El 8 de marzo abundó la doble moral de ciertos hombres: felicitaron a las mujeres, pero criticaron el feminismo (sin conocerlo, obvio). Muchas instituciones y medios de comunicación compartieron videos dándole difusión al movimiento feminista y conmemorando el Día de la Mujer.

Los trolls no tardaron en aparecer. Repetían una y otra vez las mismas críticas: “las feministas de hoy son un chiste, no como las verdaderas feministas de antes”, “el feminismo ya no es necesario”, “las mujeres tienen las mismas oportunidades que los hombres, o más”, etcétera.

Quiero desmentir estas tres típicas frases que dicen ciertos hombres para desacreditar el movimiento – y que únicamente prueban su desconocimiento en el tema.

¿A qué se refieren los trolls con “las feministas de antes”? Generalmente, la mayoría se refiere a las feministas de la Primera Ola (en la versión americana de la historia oficialista del feminismo, misma que es la equivalente a la Segunda Ola en la versión europea)[9], es decir, a las sufragistas.




Las personas que dicen este tipo de cosas, piensan que las únicas pugnas válidas de las mujeres son las de los derechos civiles y políticos. Piensan que las mujeres que hoy pugnamos por la erradicación de la cultura de la violación[10] y por un feminismo más incluyente (interseccional[11]), peleamos contra algo que no existe y que ya no es necesario. Ésto resulta irreflexivo, pues que haya igualdad formal (a nivel constitucional) no significa que haya igualdad sustantiva.

Además, como todo movimiento ideológico y social, el feminismo ha evolucionado. Lo que comenzó como feminismo blanco, hoy ya no es aceptable entre las feministas por ser racista y trans-exclusivo. A base de prueba y error, las feministas hemos construido nuestro movimiento – por lo que, obviamente, (casi) nada se parecen el feminismo blanco y el feminismo interseccional, por ejemplo. Ésto no es un problema, sino todo lo contrario.

Ahora bien, la lucha desde y para las mujeres sigue teniendo vigor. Hoy, en México:

  • El 65% del trabajo total de las mujeres, se integra por labores no remuneradas en el hogar;[12]
  • La brecha salarial de género tardará por lo menos otros 156 años en cerrarse;[13]
  • 81 de cada 100 víctimas de violencia sexual son mujeres;[14]
  • Sólo se consigna al 1% de los agresores sexuales (siendo que el 90.5% son hombres);[15]
  • El 93% de las mujeres víctimas de violencia de pareja no recibió ayuda médica o psicológica alguna;[16]
  • 1.4 millones de mujeres sufren acoso sexual en el trabajo (ésto, sin contar la cifra negra de 99.7%);[17]
  • Sólo 11 mujeres han sido Ministras en toda la historia de la Suprema Corte de Justicia de la Nación;[18]
  • Sólo 7 mujeres han sido Gobernadoras de entidades federativas – y una de ellas fue solamente por interinato;[19]
  • Hemos tenido 0 mujeres como Presidente de la República; y
  • Hay 7.2 feminicidios al día.[20]

Los datos no mienten: la violencia contra las mujeres no es cosa del siglo pasado, como los anti-feministas se empeñan en desinformar. La violencia de género, en sus múltiples facetas, se da aquí y ahora.

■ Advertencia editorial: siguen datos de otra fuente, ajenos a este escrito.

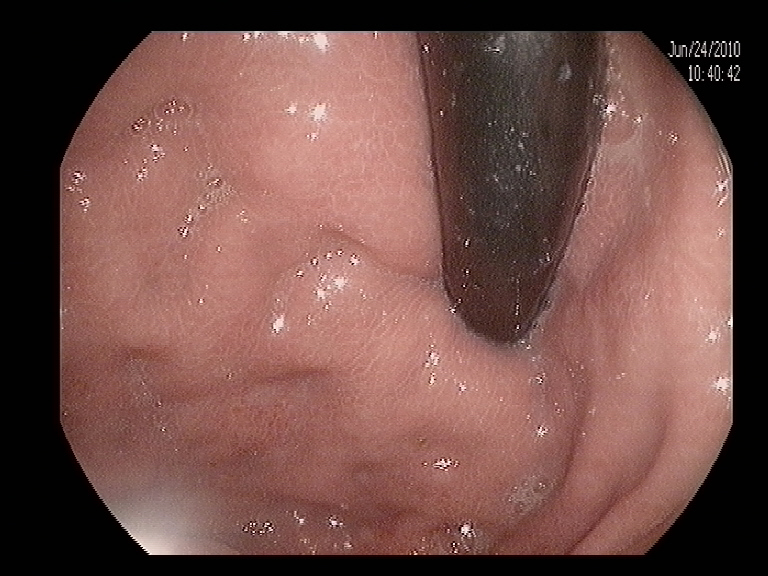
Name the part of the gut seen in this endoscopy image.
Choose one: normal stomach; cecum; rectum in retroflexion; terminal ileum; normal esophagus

normal stomach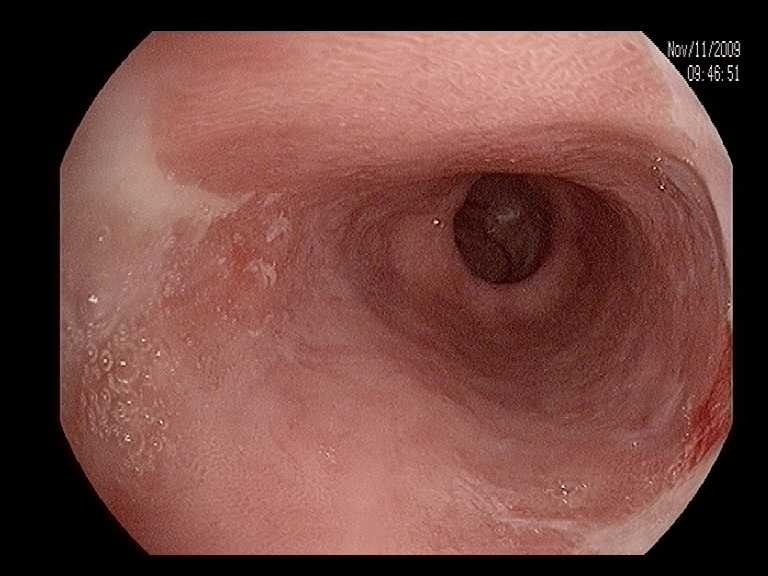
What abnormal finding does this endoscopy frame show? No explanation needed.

Barrett's esophagus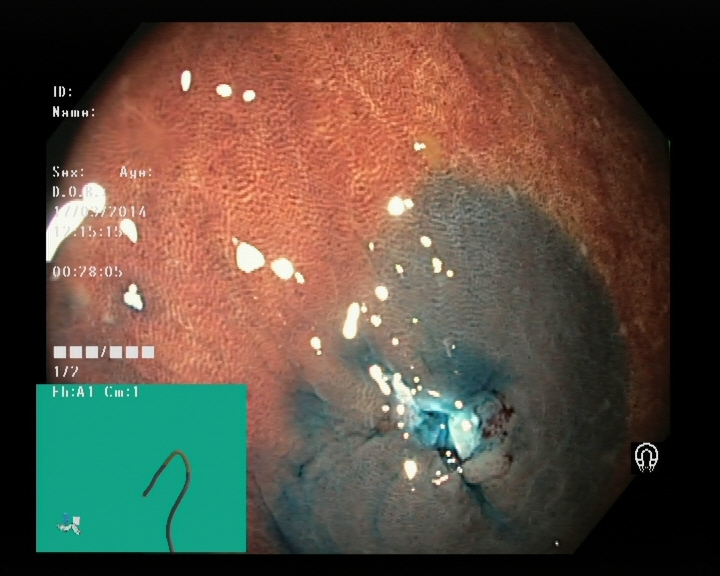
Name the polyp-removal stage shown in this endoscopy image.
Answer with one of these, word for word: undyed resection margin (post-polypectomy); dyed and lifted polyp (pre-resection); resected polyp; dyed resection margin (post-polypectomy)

dyed resection margin (post-polypectomy)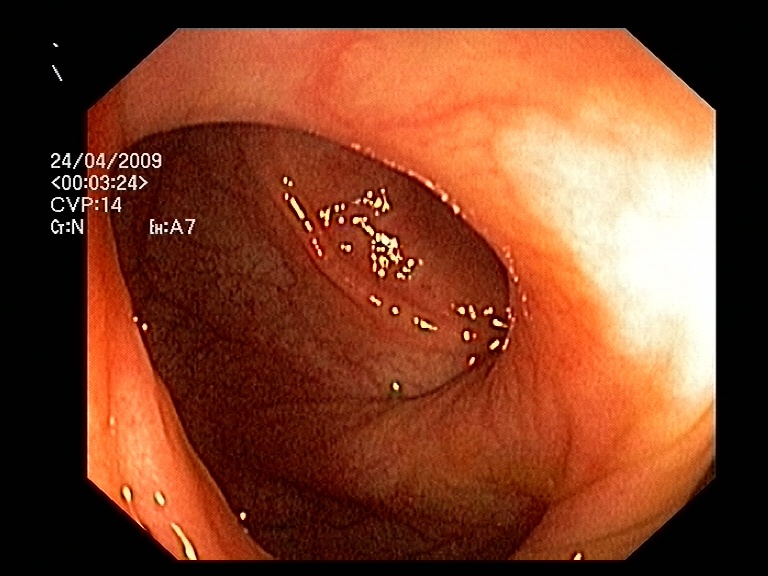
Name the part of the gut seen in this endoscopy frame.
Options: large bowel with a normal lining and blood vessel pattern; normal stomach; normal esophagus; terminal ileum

large bowel with a normal lining and blood vessel pattern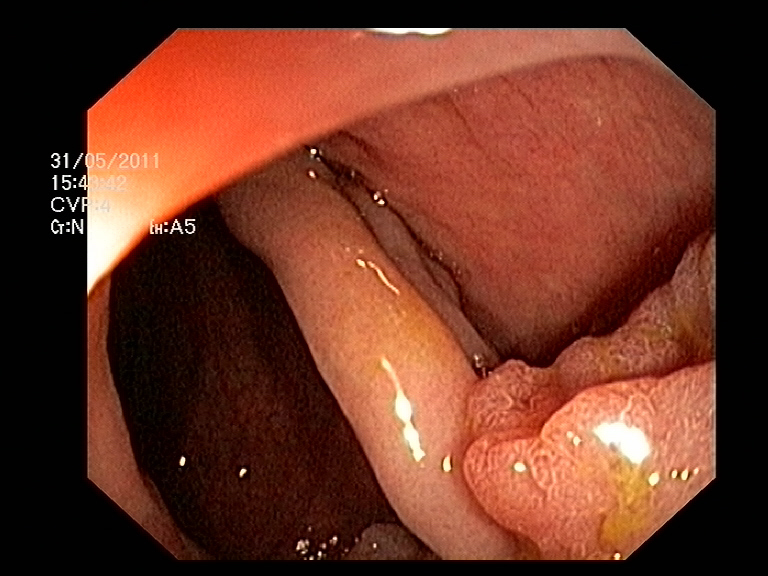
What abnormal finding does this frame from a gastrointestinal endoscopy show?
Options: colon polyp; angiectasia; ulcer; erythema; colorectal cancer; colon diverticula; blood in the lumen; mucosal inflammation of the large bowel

colon polyp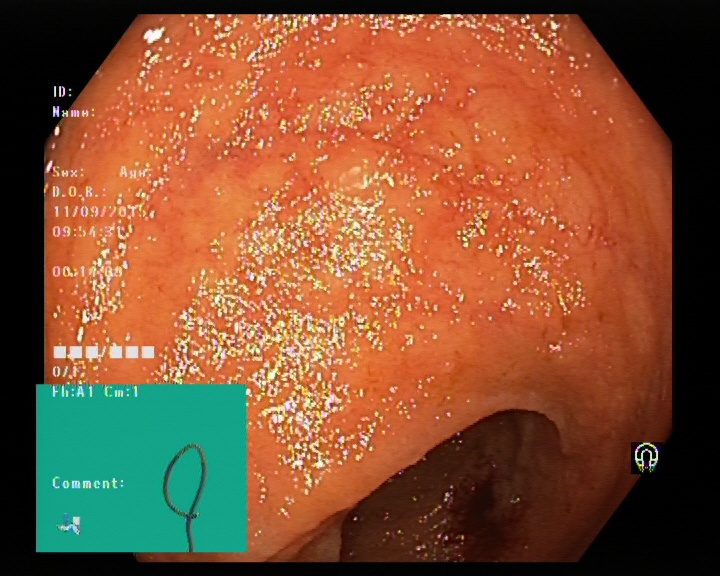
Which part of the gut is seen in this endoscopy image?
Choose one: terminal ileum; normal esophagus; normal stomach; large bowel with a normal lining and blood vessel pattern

large bowel with a normal lining and blood vessel pattern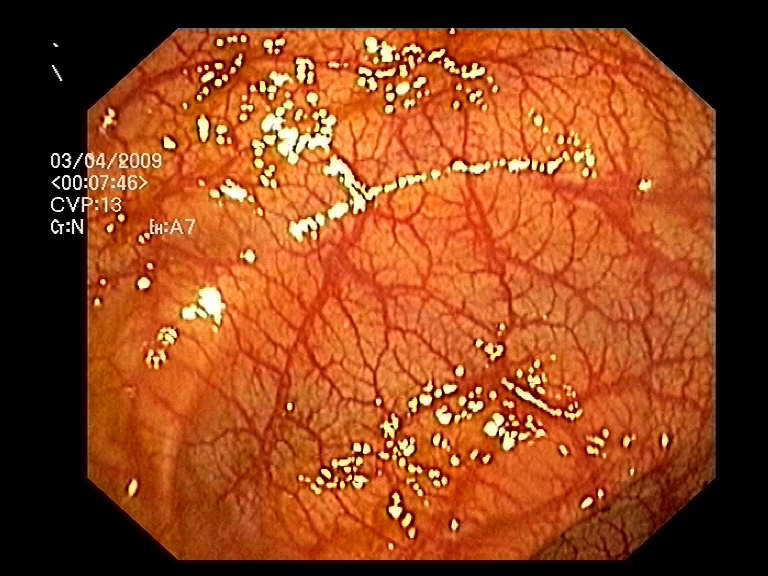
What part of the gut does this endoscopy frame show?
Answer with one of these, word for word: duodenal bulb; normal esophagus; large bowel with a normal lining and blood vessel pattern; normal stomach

large bowel with a normal lining and blood vessel pattern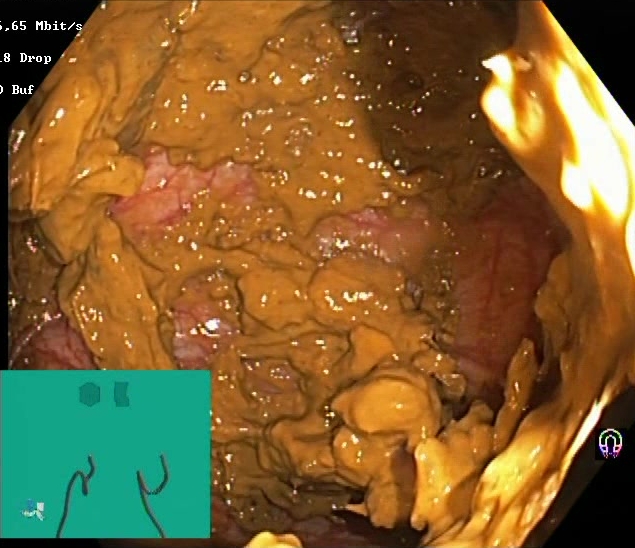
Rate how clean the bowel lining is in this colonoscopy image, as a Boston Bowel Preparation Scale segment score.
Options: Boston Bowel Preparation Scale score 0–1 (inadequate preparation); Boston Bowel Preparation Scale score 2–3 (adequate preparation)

Boston Bowel Preparation Scale score 0–1 (inadequate preparation)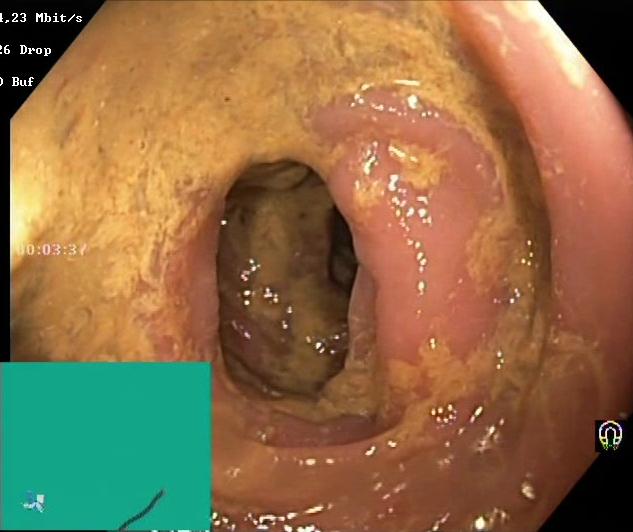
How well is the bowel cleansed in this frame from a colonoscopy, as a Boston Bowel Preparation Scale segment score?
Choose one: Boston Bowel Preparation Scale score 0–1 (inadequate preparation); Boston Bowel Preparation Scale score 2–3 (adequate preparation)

Boston Bowel Preparation Scale score 0–1 (inadequate preparation)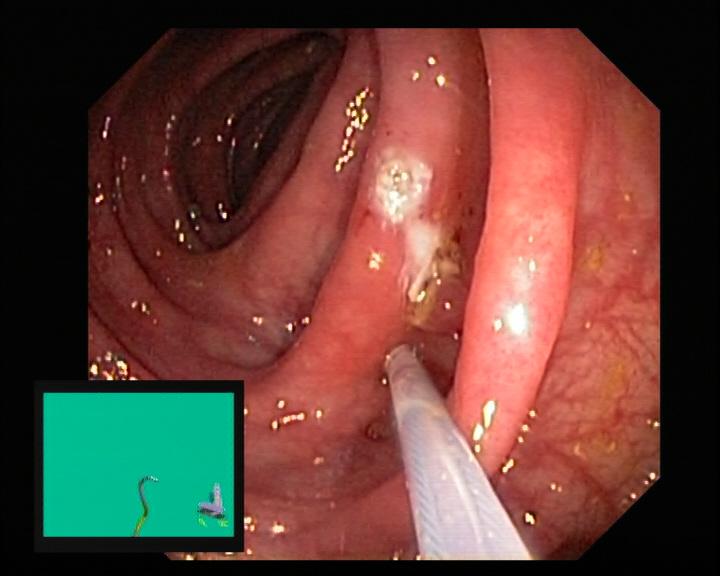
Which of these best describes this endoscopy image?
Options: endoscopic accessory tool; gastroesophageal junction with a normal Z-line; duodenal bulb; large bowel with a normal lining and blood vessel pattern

endoscopic accessory tool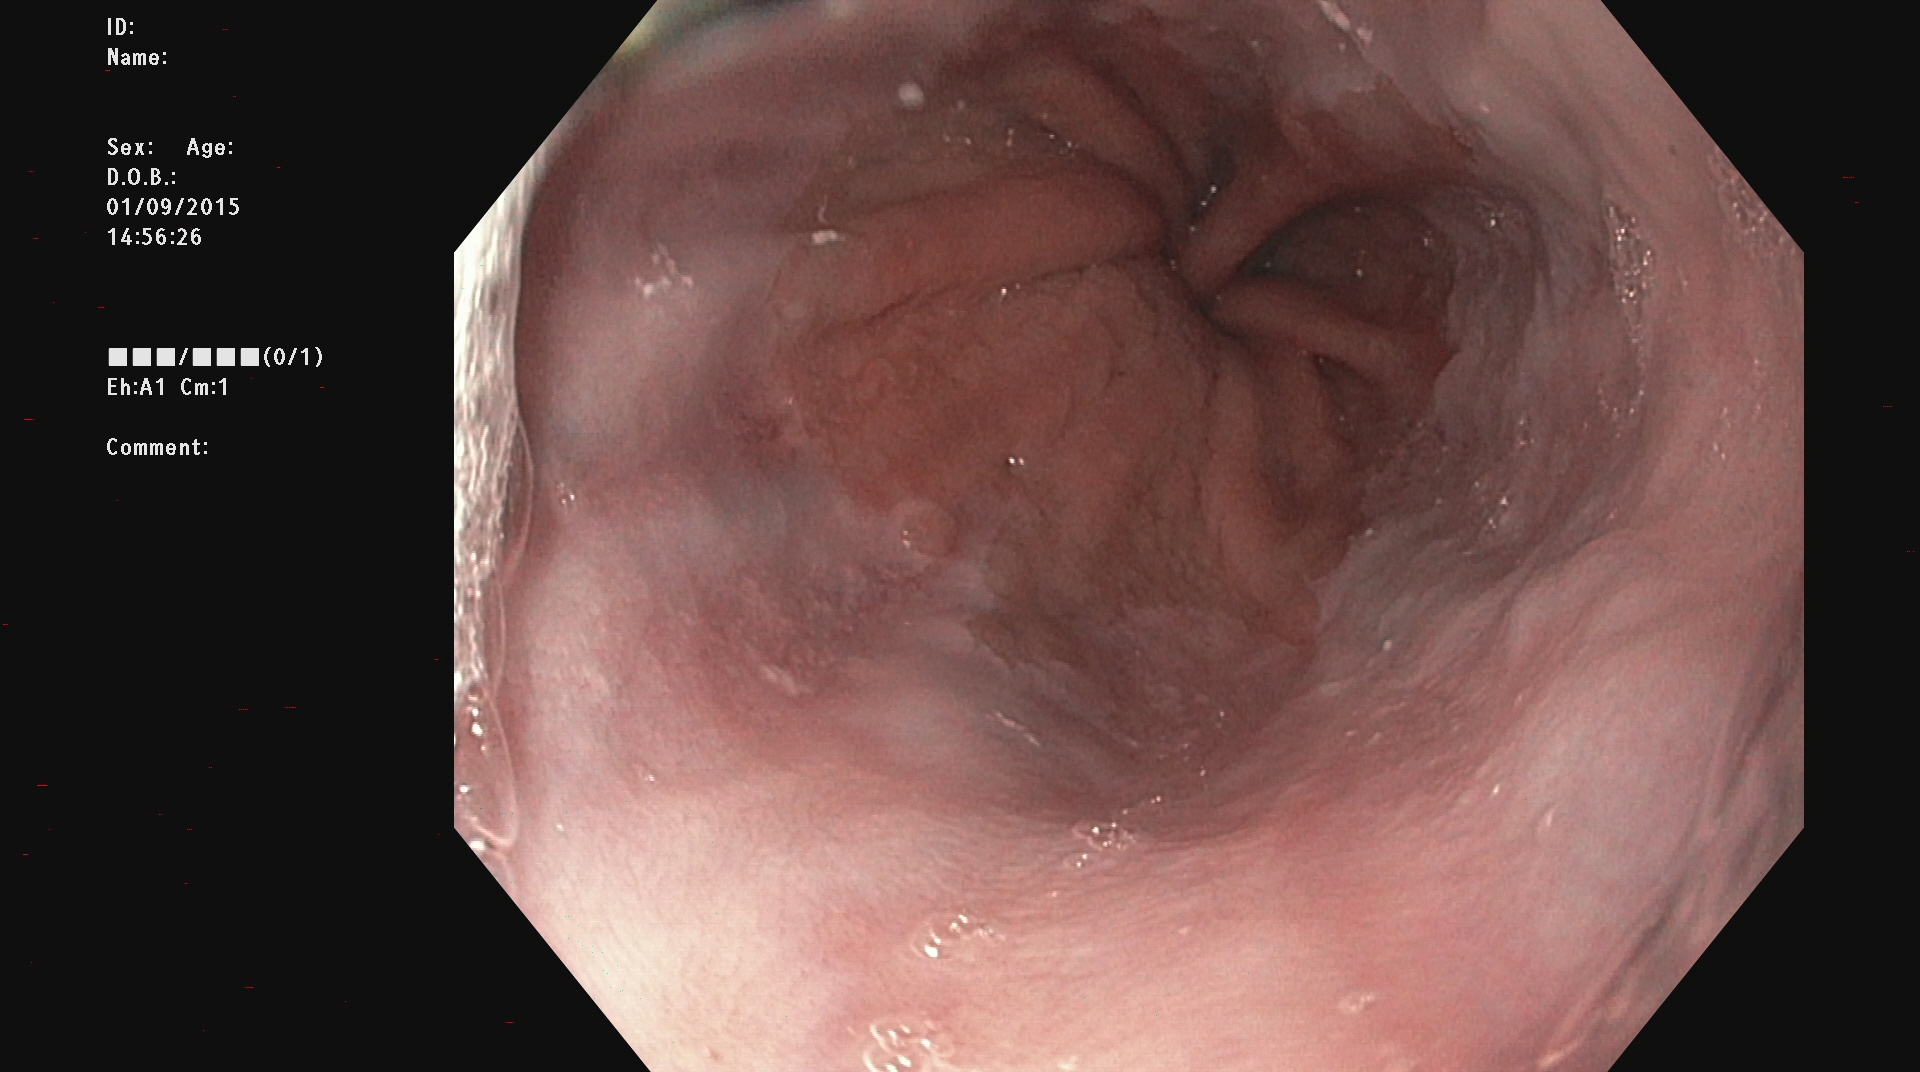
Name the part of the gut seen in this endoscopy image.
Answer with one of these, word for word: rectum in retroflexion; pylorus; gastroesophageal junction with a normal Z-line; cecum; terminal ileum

gastroesophageal junction with a normal Z-line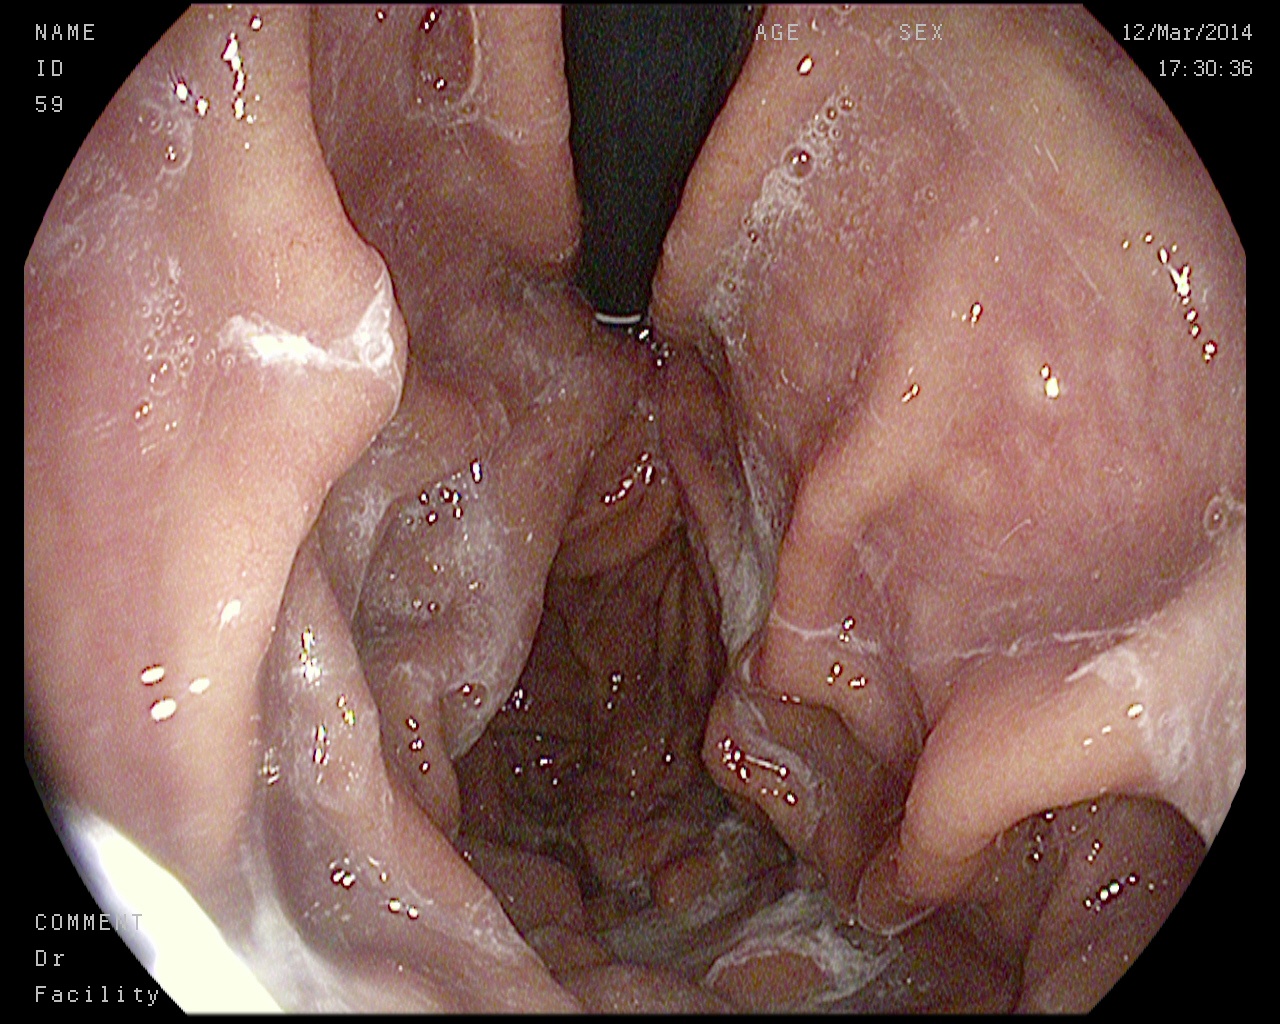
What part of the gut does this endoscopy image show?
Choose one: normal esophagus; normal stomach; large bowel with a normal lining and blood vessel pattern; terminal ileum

normal stomach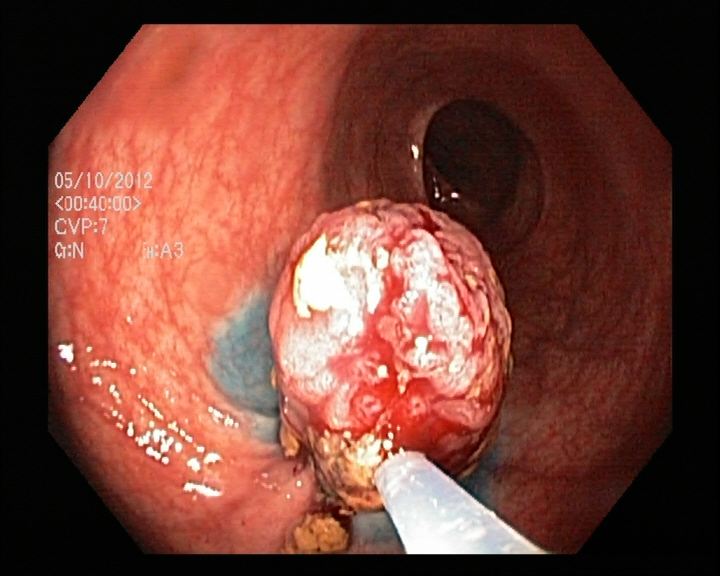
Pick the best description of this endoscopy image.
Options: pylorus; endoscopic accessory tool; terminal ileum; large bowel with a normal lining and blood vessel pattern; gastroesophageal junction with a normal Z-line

endoscopic accessory tool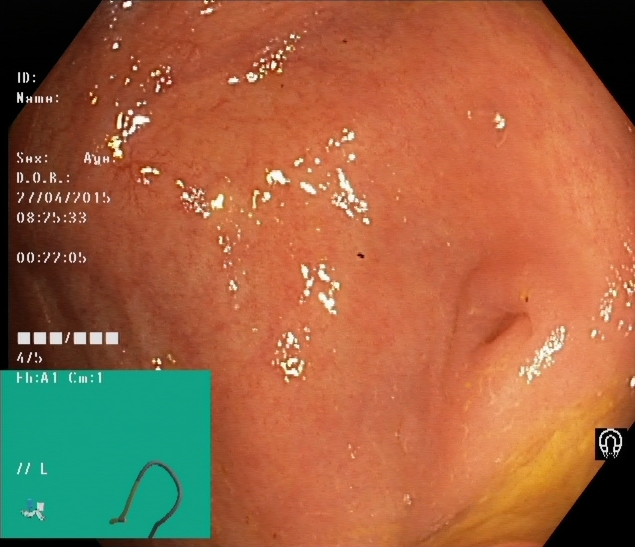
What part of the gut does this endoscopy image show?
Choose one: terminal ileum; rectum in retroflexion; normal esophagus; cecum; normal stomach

Nos queda mucho camino por recorrer para alcanzar la igualdad de género; aunque, incluso si ya la hubiéramos alcanzado, valdría la pena seguir luchando: hay que seguir luchando para no retroceder.

Hace aproximadamente un mes, el Presidente de la Federación Rusa, Vladimir Putin, despenalizó la violencia doméstica en su país (siempre que el agresor no reincida en un periodo de un año y no ocasione lesiones mayores a la víctima).

Hace aproximadamente dos meses, Donald Trump, un (presunto) acosador serial, tomó protesta como Presidente de los Estados Unidos de América. Hace dos días, en Guatemala, murieron quemadas 39 niñas – y contando – en un albergue para víctimas de violencia doméstica, cuando protestaban por las agresiones sexuales en dicho lugar.  Estos acontecimientos son prueba de que cuando creemos que hemos conquistado una causa, es cuando más debemos de combatir para mantenerla. Por ello, nunca será absurdo hablar de feminismo.




Es por todo lo anterior que, en fechas como el 8 de marzo, las mujeres intentamos visibilizar las violencias diarias de la que somos víctimas.

El Día Internacional de la Mujer existe para conmemorar las luchas feministas – como la de las costureras de la fábrica Cotton Textile –, no para celebrar. El 8 de marzo es un día para recordar que aún no hemos alcanzado la igualdad y para inspirarnos a seguir peleando por ella.

 

 

[1] González, Elena. Historia del 8 de marzo: Día Internacional de la Mujer. Disponible en línea: <http://tinyurl.com/blog-egonzalez-8m>.

[2] Ulloa Ziáurriz, Teresa. 8 de marzo: Un Día de Lucha por los Derechos de las Mujeres. Disponible en línea: <http://tinyurl.com/8m-cimac>.

[3] Centro de Documentación del Inmujeres. Antecedentes del 8 de marzo de 1857. Disponible en línea: <http://tinyurl.com/cedoc-inmujeres-08031857>.

[4] Ulloa Ziáurriz, Teresa. Op. cit.

[5] Consejo Nacional para Prevenir la Discriminación. Boletín de prensa 038/2016: Pronunciamiento del Conapred sobre el matrimonio igualitario. Disponible en línea: <http://tinyurl.com/conapred-0382016>.

[6] Guil Bozal, Ana. El papel de los arquetipos en los actuales estereotipos sobre la mujer. Disponible en línea: <http://tinyurl.com/arquet-mujeres>.

[7] Soy una feminista que piensa que los hombres sí pueden ser feministas, pero reconozco que hay algunos feminismos que consideran que no pueden serlo, sino que únicamente pueden ser aliados. Esta última también es una postura válida. Para mí, un hombre feminista es un hombre que reflexiona sobre sus privilegios y busca renunciar a ellos, dándoles su espacio a las mujeres, reconociendo su movimiento y abogando por sus derechos. Sobre este tema, recomiendo leer este artículo: Utt, Jamie; McCrayer, Jenika. Can Men Be Feminists? And 9 Other FAQs We Often Get from Men. Disponible en línea: <http://tinyurl.com/feminist-men>. Si les interesa un contenido más detallado, recomiendo leer Men and Feminism: Seal Studies, libro de Shira Tarrant.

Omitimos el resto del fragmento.